The NBA pretty much assumes that if you're a good player, good enough to play professional basketball, somebody has discovered you by the end of your high school career and you've gone to a major college. Central Arkansas didn't fit that category, and NBA scouts always looked with suspicion at players with great statistics against inferior competition. There wasn't much interest in Pippen. Not that he expected much; he had become something of a local celebrity in college and was pretty happy with that. But Marty Blake, the director of collegiate scouting for the NBA, checked up on Pippen and sent out a report suggesting he had potential to be a good player. The Bulls listened.

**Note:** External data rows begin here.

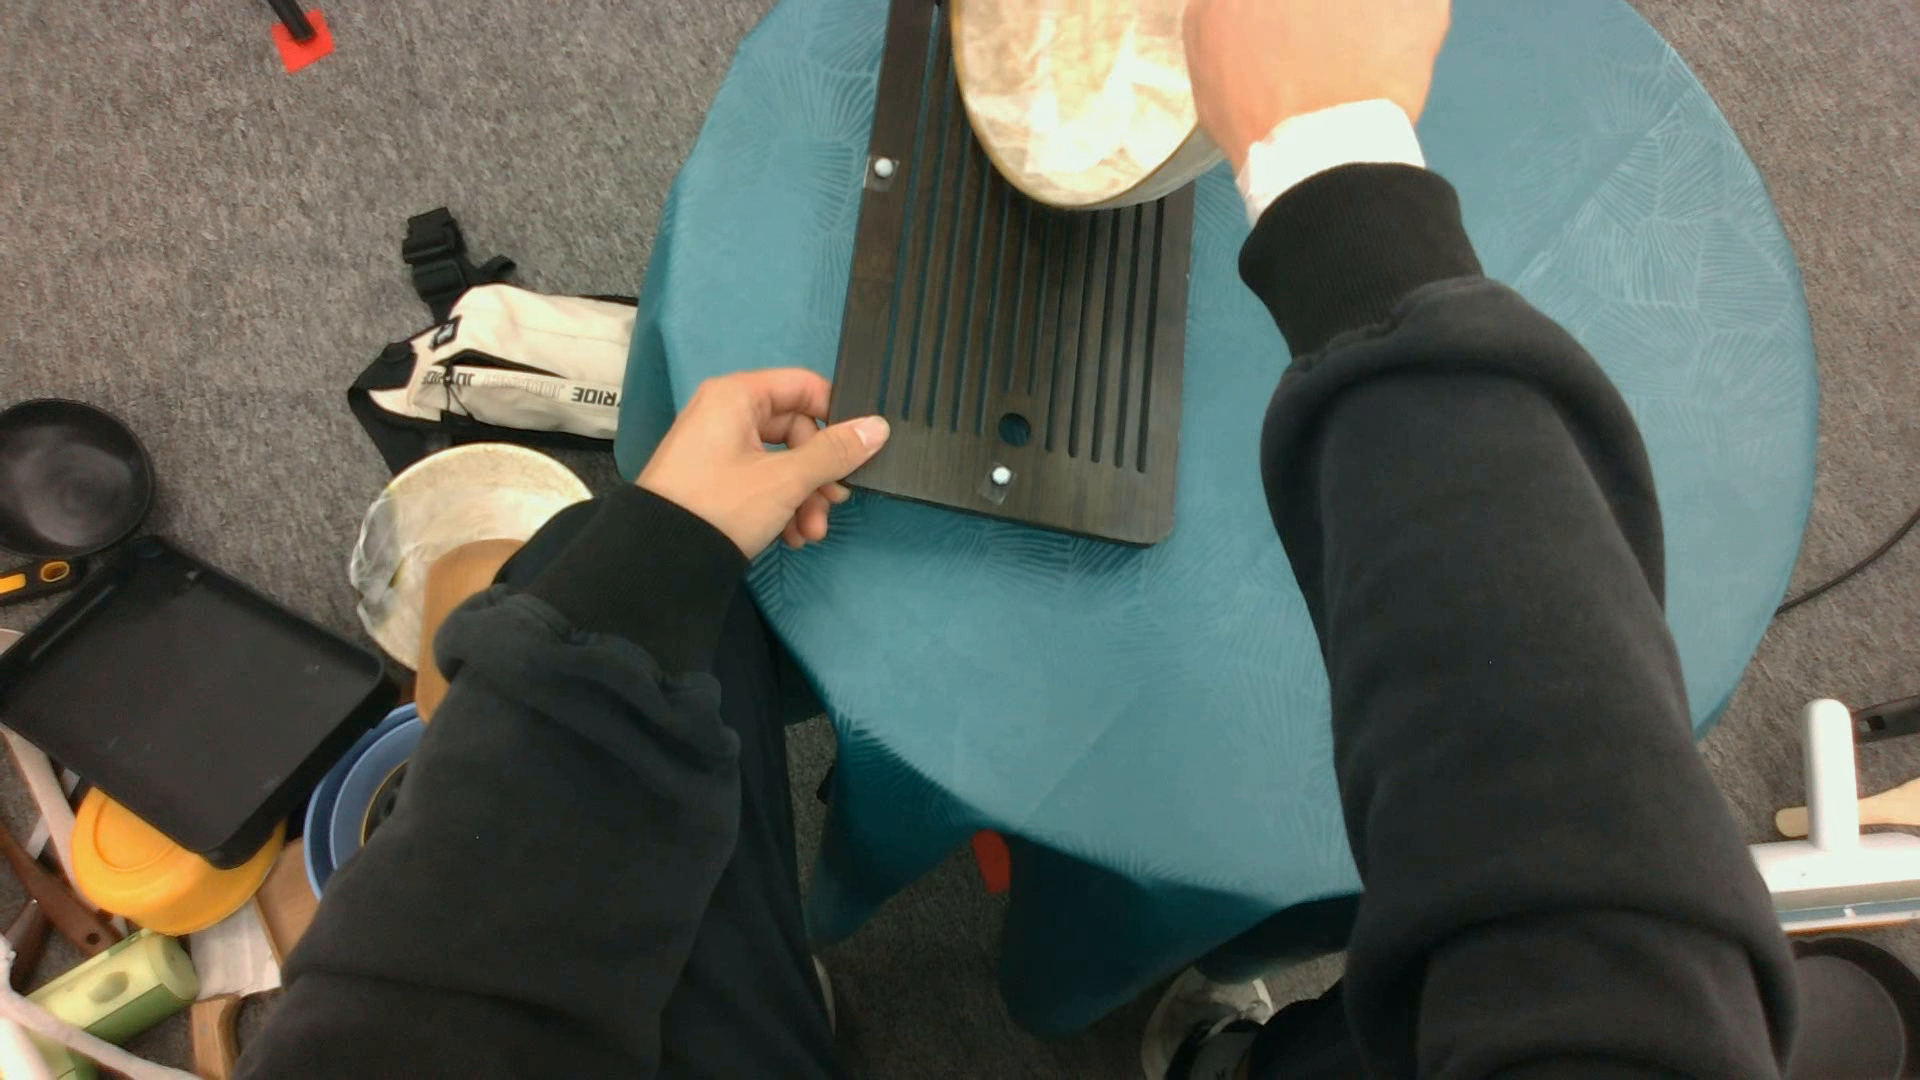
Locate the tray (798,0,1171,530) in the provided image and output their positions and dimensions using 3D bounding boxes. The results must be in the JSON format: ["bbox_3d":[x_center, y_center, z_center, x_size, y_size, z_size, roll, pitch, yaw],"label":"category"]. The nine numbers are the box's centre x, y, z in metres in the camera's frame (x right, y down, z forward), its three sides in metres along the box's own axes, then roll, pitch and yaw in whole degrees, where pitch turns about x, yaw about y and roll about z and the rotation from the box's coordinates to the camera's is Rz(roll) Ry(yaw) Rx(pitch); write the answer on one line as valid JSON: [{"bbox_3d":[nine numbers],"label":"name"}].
[{"bbox_3d":[0.021,-0.160,0.679,0.170,0.018,0.307,11,70,-14],"label":"tray"}]

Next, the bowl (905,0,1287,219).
[{"bbox_3d":[0.075,-0.252,0.626,0.095,0.213,0.215,-9,71,-39],"label":"bowl"}]
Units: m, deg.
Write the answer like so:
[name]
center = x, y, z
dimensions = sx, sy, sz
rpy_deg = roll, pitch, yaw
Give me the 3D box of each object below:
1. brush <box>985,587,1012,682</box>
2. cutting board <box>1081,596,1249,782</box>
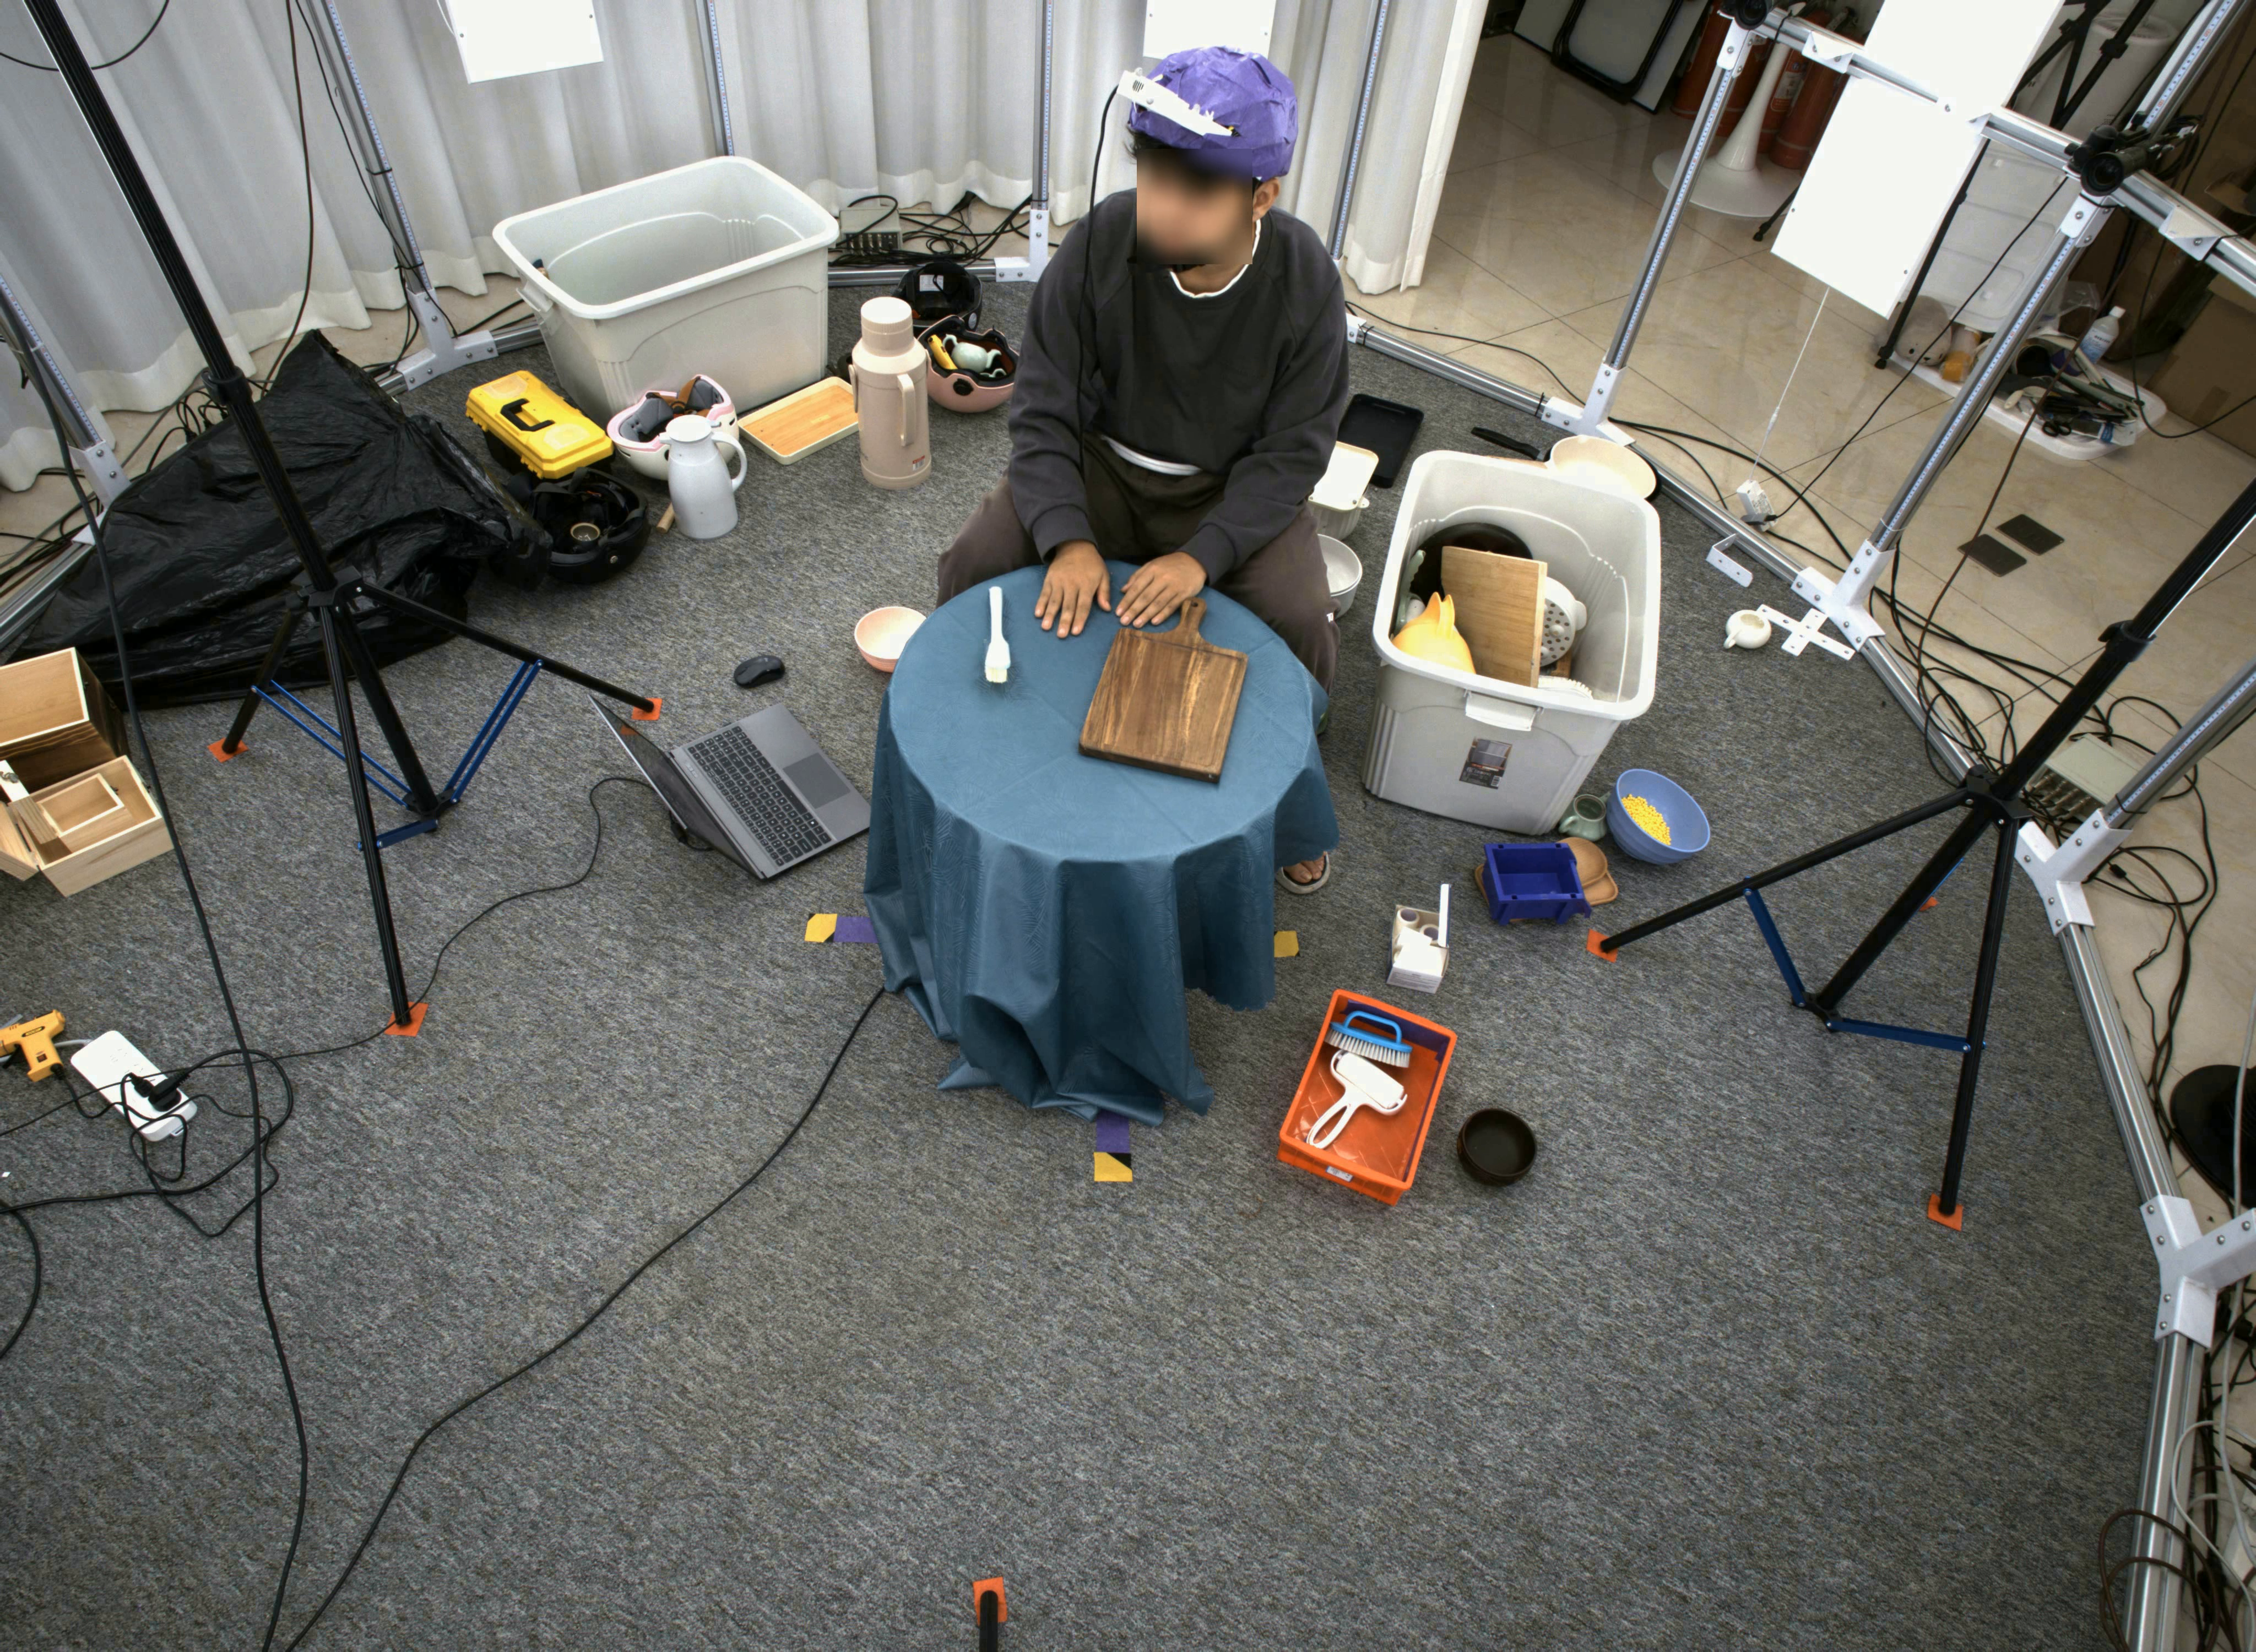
[brush]
center = -0.193, -0.282, 1.875
dimensions = 0.037, 0.048, 0.234
rpy_deg = 2, 40, -11
[cutting board]
center = 0.067, -0.213, 1.842
dimensions = 0.201, 0.022, 0.360
rpy_deg = 12, 49, 6

Krause sent his top assistant, Billy McKinney, to check Pippen out, and McKinney discovered in Pippen the characteristics Krause loved in players: long arms, big hands, quickness, and jumping ability. But McKinney, who would later take a brief stint as general manager of the expansion Minnesota Timberwolves, said he couldn't tell how good Pippen was because the competition was so bad. Maybe he was a second-round pick. Krause thought he might have a diamond in the rough and figured he'd fool everyone, but Pippen's stock began to soar after impressive performances against some of the nation's best players in postseason all-star games, which are attended by executives from every NBA team. Krause would eventually grow desperate in his bid to snare Pippen and would ask his agent, Jimmy Sexton, to take Pippen to Hawaii for a few weeks before the draft—the Bulls would pay all his expenses—which could make other teams think Pippen irresponsible so they wouldn't draft him. “Thanks, Jerry, but we'll stay here,” Sexton told him.

A player's value rises and falls dramatically in those all-star games, and a classic Krause tale would emerge from one such gathering: In 1988, Krause had his eye on Dan Majerle, a rugged kid from small Central Michigan University, who would eventually make the Olympic team and become a first-round draft choice of the Phoenix Suns. Krause went to Majerle before the first of those games and asked him to pretend he was injured.

“Then we could get you with our third-round pick,” said Krause.

Majerle looked at Krause as if he were nuts.

“I think I might make a little more money if I were a first-round pick, Mr. Krause,” Majerle said.

Krause had not tried the same tactic with Pippen, though the proposed trip to Hawaii was close. The Bulls had the eighth and tenth picks in that draft, but Krause knew Pippen would not last until No. 8 because Sacramento, which had pick No. 6, was ready to grab him. So when Georgetown's Reggie Williams was picked fourth by the Los Angeles Clippers, Krause worked a deal with Seattle, which had the fifth pick and had wanted Williams. The deal was an exchange of draft choices (Seattle got Chicago's No. 8, plus its second-round pick in 1988 or '89 and the option to exchange first-round picks in 1989). Krause had Pippen, and the Executive of the Year award, as he also came up with Grant a few picks later.

Pippen had some money coming his way for the first time in his life, although not the ability to shake his insecurity about what he had become. He was the fifth pick in the draft, behind big-time stars like David Robinson, Armon Gilliam, Williams, and Dennis Hopson. After him came all-Americans from major universities like North Carolina's Kenny Smith and UCLA's Reggie Miller.